■ What is needed
Give the records back exactly as written, but without the images.

--- START ---

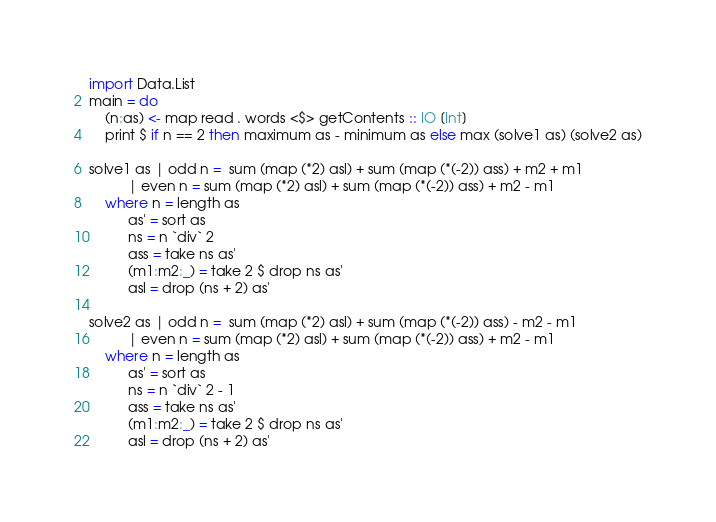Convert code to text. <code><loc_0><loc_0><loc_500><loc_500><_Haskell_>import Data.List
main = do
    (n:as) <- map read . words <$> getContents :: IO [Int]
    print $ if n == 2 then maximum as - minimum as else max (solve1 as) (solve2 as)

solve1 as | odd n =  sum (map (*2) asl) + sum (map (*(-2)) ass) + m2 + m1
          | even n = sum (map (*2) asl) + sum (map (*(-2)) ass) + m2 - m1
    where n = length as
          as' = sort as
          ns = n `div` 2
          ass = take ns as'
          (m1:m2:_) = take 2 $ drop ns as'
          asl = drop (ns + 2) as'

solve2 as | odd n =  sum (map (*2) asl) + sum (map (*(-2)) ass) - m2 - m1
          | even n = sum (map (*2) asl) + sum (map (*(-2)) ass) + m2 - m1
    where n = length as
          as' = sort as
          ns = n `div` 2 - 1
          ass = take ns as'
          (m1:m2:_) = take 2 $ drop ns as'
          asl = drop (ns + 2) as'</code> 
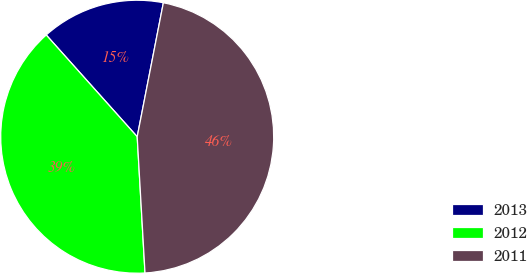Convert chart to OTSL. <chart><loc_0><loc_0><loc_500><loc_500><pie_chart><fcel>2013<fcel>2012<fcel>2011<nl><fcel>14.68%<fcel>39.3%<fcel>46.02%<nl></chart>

--- END ---

■ Solution for this task
Convert code to text. <code><loc_0><loc_0><loc_500><loc_500><_Haskell_>import Data.List
main = do
    (n:as) <- map read . words <$> getContents :: IO [Int]
    print $ if n == 2 then maximum as - minimum as else max (solve1 as) (solve2 as)

solve1 as | odd n =  sum (map (*2) asl) + sum (map (*(-2)) ass) + m2 + m1
          | even n = sum (map (*2) asl) + sum (map (*(-2)) ass) + m2 - m1
    where n = length as
          as' = sort as
          ns = n `div` 2
          ass = take ns as'
          (m1:m2:_) = take 2 $ drop ns as'
          asl = drop (ns + 2) as'

solve2 as | odd n =  sum (map (*2) asl) + sum (map (*(-2)) ass) - m2 - m1
          | even n = sum (map (*2) asl) + sum (map (*(-2)) ass) + m2 - m1
    where n = length as
          as' = sort as
          ns = n `div` 2 - 1
          ass = take ns as'
          (m1:m2:_) = take 2 $ drop ns as'
          asl = drop (ns + 2) as'</code> 
Convert chart to OTSL. <chart><loc_0><loc_0><loc_500><loc_500><pie_chart><fcel>2013<fcel>2012<fcel>2011<nl><fcel>14.68%<fcel>39.3%<fcel>46.02%<nl></chart>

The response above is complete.